INPUT RECORDS:
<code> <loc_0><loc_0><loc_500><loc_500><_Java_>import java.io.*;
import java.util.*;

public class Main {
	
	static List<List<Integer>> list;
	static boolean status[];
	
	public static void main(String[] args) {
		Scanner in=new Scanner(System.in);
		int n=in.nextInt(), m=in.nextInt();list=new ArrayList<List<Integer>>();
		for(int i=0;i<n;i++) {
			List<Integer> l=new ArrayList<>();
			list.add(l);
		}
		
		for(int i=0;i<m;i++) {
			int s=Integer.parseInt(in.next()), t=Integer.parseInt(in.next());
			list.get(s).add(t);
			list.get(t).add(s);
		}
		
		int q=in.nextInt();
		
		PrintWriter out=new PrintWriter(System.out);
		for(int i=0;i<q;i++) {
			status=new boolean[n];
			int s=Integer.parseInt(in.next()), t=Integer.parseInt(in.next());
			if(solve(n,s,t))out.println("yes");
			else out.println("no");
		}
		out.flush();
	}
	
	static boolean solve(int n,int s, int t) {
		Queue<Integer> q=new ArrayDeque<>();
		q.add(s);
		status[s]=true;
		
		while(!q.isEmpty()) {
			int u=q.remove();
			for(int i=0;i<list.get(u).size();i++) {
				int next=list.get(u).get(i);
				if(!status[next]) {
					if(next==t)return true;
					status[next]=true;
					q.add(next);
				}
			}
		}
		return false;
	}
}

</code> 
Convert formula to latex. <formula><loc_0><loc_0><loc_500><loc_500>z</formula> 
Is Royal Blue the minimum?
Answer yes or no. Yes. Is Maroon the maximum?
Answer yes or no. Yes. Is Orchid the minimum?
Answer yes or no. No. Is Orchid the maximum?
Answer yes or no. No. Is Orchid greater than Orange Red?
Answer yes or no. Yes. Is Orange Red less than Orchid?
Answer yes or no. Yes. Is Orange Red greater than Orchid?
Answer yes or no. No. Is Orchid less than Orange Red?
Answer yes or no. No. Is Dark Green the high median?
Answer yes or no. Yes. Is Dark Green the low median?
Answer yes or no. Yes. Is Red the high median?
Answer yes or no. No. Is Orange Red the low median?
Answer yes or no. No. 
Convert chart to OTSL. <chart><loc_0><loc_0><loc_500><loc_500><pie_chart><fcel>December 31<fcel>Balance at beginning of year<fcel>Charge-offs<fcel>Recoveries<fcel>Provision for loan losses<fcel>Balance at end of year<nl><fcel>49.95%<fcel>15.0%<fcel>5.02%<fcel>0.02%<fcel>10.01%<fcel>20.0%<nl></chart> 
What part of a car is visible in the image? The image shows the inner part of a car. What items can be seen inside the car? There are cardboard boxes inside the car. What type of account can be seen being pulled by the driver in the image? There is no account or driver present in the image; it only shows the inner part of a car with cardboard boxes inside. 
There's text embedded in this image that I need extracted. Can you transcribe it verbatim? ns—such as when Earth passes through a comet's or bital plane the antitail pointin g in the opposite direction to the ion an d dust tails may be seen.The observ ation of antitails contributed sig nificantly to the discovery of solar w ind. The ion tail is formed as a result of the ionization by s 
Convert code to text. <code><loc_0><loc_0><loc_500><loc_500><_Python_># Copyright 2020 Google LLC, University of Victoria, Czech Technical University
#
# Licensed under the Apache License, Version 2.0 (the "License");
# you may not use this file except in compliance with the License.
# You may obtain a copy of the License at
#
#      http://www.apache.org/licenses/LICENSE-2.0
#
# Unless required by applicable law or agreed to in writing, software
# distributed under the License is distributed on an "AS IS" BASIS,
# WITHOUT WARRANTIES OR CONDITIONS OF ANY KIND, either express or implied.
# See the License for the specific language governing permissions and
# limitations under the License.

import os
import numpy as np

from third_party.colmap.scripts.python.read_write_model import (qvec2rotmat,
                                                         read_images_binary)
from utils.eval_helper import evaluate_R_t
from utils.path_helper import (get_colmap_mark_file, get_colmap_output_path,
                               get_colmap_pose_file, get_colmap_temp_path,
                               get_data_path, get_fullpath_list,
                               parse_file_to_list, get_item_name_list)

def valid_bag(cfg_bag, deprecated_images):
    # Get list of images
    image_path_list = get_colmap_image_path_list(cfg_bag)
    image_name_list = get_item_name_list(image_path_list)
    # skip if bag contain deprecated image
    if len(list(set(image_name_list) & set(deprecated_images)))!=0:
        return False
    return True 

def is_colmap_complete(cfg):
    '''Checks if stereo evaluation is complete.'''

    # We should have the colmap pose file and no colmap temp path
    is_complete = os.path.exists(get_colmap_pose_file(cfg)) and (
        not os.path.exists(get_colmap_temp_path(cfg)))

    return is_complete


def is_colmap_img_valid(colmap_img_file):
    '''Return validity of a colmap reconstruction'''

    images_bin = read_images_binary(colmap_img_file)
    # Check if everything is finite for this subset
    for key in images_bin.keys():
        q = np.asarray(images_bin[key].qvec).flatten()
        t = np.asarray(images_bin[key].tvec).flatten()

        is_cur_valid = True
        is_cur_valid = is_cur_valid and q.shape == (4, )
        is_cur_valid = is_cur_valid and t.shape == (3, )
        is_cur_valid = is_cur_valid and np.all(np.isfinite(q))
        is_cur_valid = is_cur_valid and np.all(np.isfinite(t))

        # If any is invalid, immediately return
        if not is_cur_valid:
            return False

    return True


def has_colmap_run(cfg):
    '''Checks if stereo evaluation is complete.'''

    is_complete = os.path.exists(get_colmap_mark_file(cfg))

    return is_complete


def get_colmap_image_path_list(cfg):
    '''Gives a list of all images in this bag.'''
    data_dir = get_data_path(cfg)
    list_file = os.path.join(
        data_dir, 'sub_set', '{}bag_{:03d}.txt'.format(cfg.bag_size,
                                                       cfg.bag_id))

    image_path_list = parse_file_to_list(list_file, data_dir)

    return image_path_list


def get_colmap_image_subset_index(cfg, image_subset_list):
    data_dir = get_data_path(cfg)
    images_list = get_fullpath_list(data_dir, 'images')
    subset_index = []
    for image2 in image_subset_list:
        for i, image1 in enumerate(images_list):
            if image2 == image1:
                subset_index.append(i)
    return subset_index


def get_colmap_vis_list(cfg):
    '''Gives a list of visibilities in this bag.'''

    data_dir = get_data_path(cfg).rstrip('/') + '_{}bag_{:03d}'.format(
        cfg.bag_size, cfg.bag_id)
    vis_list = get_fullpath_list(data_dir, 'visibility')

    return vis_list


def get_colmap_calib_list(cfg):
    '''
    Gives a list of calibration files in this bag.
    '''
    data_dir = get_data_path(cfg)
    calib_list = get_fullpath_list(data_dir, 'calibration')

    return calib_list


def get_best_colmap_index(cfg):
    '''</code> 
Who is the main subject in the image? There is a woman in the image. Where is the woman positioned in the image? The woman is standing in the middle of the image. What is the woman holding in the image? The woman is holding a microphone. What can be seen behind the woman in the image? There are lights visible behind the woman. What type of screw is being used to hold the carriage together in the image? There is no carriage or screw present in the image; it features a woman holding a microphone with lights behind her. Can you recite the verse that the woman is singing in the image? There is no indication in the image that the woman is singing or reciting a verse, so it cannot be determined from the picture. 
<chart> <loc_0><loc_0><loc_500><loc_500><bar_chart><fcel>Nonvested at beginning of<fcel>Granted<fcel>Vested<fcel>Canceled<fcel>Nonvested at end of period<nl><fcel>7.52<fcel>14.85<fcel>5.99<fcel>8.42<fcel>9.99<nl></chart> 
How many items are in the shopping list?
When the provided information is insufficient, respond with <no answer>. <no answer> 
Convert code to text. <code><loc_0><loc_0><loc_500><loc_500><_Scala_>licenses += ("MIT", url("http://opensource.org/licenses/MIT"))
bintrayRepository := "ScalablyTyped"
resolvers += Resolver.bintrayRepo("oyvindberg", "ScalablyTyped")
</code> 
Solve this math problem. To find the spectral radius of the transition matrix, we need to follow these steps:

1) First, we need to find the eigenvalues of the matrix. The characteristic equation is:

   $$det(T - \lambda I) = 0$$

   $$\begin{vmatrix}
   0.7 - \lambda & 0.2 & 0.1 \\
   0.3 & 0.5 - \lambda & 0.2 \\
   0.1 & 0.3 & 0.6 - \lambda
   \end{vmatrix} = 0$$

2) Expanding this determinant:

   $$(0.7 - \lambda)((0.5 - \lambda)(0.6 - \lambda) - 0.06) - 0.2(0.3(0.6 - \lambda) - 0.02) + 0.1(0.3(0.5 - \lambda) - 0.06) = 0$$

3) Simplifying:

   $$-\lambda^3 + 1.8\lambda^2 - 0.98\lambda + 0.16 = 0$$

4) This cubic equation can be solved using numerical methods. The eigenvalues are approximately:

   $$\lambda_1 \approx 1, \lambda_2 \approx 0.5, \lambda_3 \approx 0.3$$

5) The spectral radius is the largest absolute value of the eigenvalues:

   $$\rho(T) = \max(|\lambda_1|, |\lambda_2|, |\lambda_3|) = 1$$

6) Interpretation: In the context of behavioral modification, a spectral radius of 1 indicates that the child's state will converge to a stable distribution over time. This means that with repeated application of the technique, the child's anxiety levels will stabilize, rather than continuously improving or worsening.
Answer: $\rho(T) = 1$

ASSIGNMENT: Repeat exactly the lines above from the one with "Gives a list of calibration" up to and including the one with "When the provided". No other line belongs in the reply.

TASK ANSWER:
    Gives a list of calibration files in this bag.
    '''
    data_dir = get_data_path(cfg)
    calib_list = get_fullpath_list(data_dir, 'calibration')

    return calib_list


def get_best_colmap_index(cfg):
    '''</code> 
Who is the main subject in the image? There is a woman in the image. Where is the woman positioned in the image? The woman is standing in the middle of the image. What is the woman holding in the image? The woman is holding a microphone. What can be seen behind the woman in the image? There are lights visible behind the woman. What type of screw is being used to hold the carriage together in the image? There is no carriage or screw present in the image; it features a woman holding a microphone with lights behind her. Can you recite the verse that the woman is singing in the image? There is no indication in the image that the woman is singing or reciting a verse, so it cannot be determined from the picture. 
<chart> <loc_0><loc_0><loc_500><loc_500><bar_chart><fcel>Nonvested at beginning of<fcel>Granted<fcel>Vested<fcel>Canceled<fcel>Nonvested at end of period<nl><fcel>7.52<fcel>14.85<fcel>5.99<fcel>8.42<fcel>9.99<nl></chart> 
How many items are in the shopping list?
When the provided information is insufficient, respond with <no answer>. <no answer> 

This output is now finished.